Excerpts from a dataset:
◇ ◇ ◇ ◇ ◇ ◇ ◇

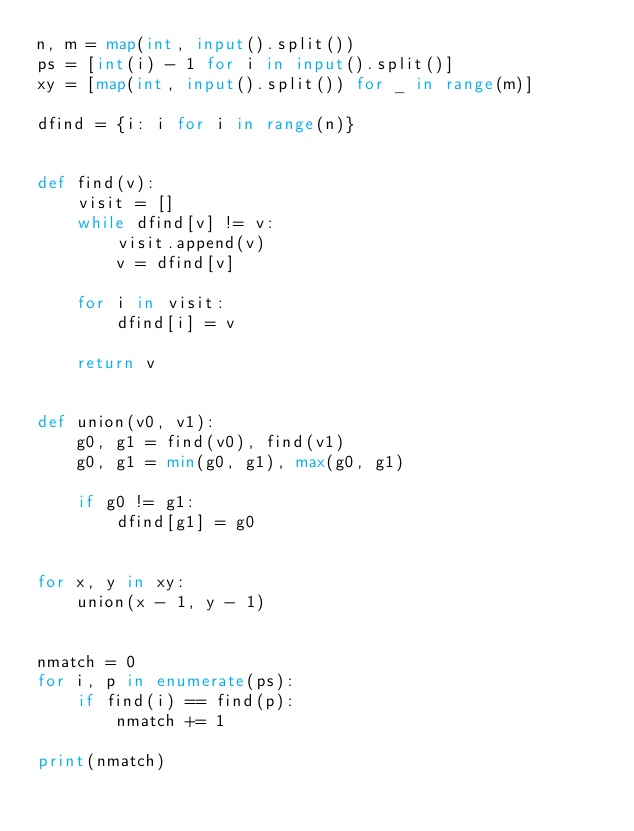<code> <loc_0><loc_0><loc_500><loc_500><_Python_>n, m = map(int, input().split())
ps = [int(i) - 1 for i in input().split()]
xy = [map(int, input().split()) for _ in range(m)]

dfind = {i: i for i in range(n)}


def find(v):
    visit = []
    while dfind[v] != v:
        visit.append(v)
        v = dfind[v]

    for i in visit:
        dfind[i] = v

    return v


def union(v0, v1):
    g0, g1 = find(v0), find(v1)
    g0, g1 = min(g0, g1), max(g0, g1)

    if g0 != g1:
        dfind[g1] = g0


for x, y in xy:
    union(x - 1, y - 1)


nmatch = 0
for i, p in enumerate(ps):
    if find(i) == find(p):
        nmatch += 1

print(nmatch)
</code> 
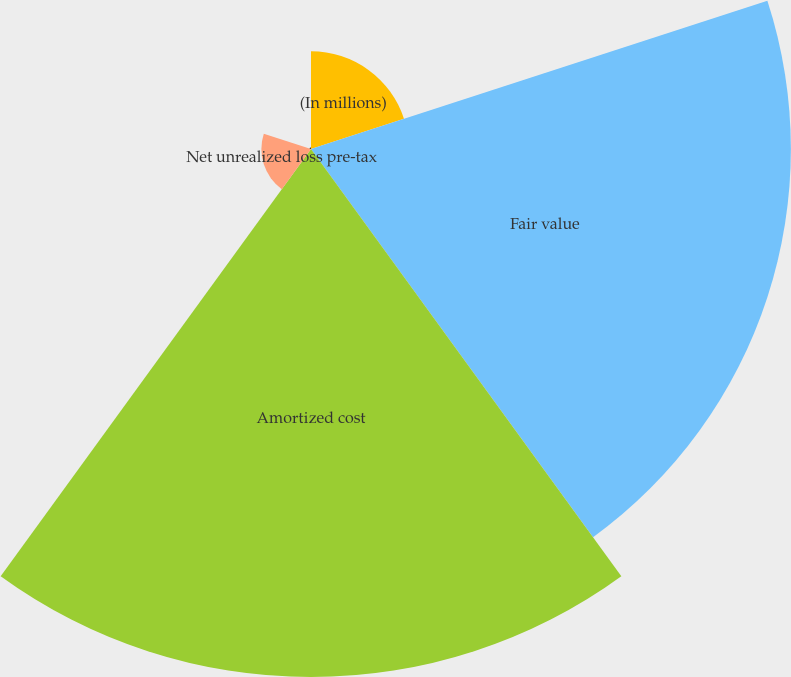<chart> <loc_0><loc_0><loc_500><loc_500><pie_chart><fcel>(In millions)<fcel>Fair value<fcel>Amortized cost<fcel>Net unrealized loss pre-tax<fcel>Net unrealized loss after-tax<nl><fcel>8.45%<fcel>41.48%<fcel>45.64%<fcel>4.29%<fcel>0.14%<nl></chart> 
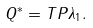Convert formula to latex. <formula><loc_0><loc_0><loc_500><loc_500>Q ^ { * } = T P \lambda _ { 1 } .</formula> 
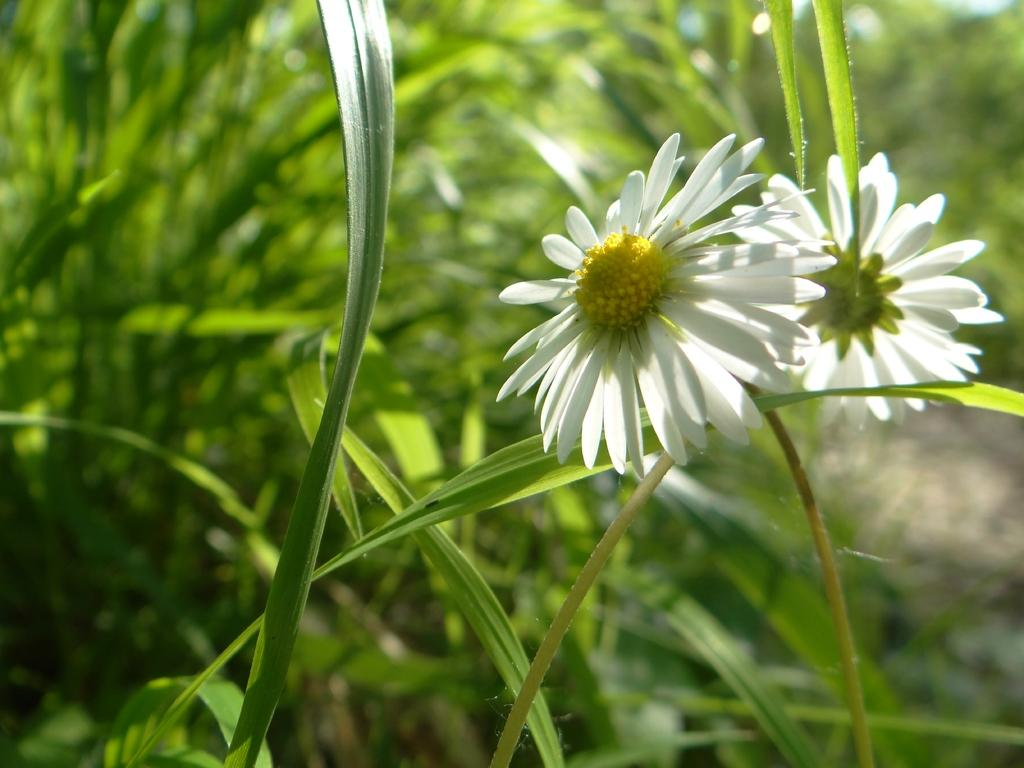What type of living organisms can be seen in the image? Plants can be seen in the image. What specific features are present on the plants? The plants have flowers, and the flowers are white in color. What is the color of the leaves and stems on the plants? The leaves and stems are green in color. What type of hall can be seen in the image? There is no hall present in the image; it features plants with white flowers and green leaves and stems. What kind of grain is visible in the image? There is no grain present in the image; it features plants with white flowers and green leaves and stems. 
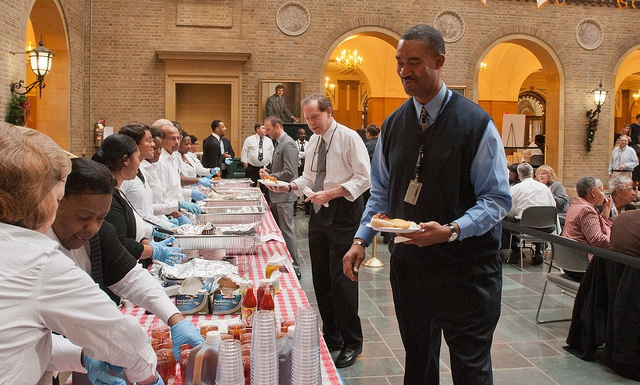Describe the objects in this image and their specific colors. I can see people in gray, black, maroon, and darkgray tones, dining table in gray, darkgray, lightgray, lightpink, and brown tones, people in gray, darkgray, and lightgray tones, people in gray, black, maroon, brown, and lightgray tones, and people in gray, black, darkgray, and lightgray tones in this image.

◇ ◇ ◇ ◇ ◇ ◇ ◇

Give again, word for word, the lines above from the one with "g0, g1 = min(g0, g1), max(g0, g1)" through the final line of the data, both ends included. Do not copy any picture.

▶ **Response area**:
    g0, g1 = min(g0, g1), max(g0, g1)

    if g0 != g1:
        dfind[g1] = g0


for x, y in xy:
    union(x - 1, y - 1)


nmatch = 0
for i, p in enumerate(ps):
    if find(i) == find(p):
        nmatch += 1

print(nmatch)
</code> 
<chart> <loc_0><loc_0><loc_500><loc_500><pie_chart><fcel>(In millions)<fcel>Fair value<fcel>Amortized cost<fcel>Net unrealized loss pre-tax<fcel>Net unrealized loss after-tax<nl><fcel>8.45%<fcel>41.48%<fcel>45.64%<fcel>4.29%<fcel>0.14%<nl></chart> 
Convert formula to latex. <formula><loc_0><loc_0><loc_500><loc_500>Q ^ { * } = T P \lambda _ { 1 } .</formula> 
What type of living organisms can be seen in the image? Plants can be seen in the image. What specific features are present on the plants? The plants have flowers, and the flowers are white in color. What is the color of the leaves and stems on the plants? The leaves and stems are green in color. What type of hall can be seen in the image? There is no hall present in the image; it features plants with white flowers and green leaves and stems. What kind of grain is visible in the image? There is no grain present in the image; it features plants with white flowers and green leaves and stems. 
Describe the objects in this image and their specific colors. I can see people in gray, black, maroon, and darkgray tones, dining table in gray, darkgray, lightgray, lightpink, and brown tones, people in gray, darkgray, and lightgray tones, people in gray, black, maroon, brown, and lightgray tones, and people in gray, black, darkgray, and lightgray tones in this image.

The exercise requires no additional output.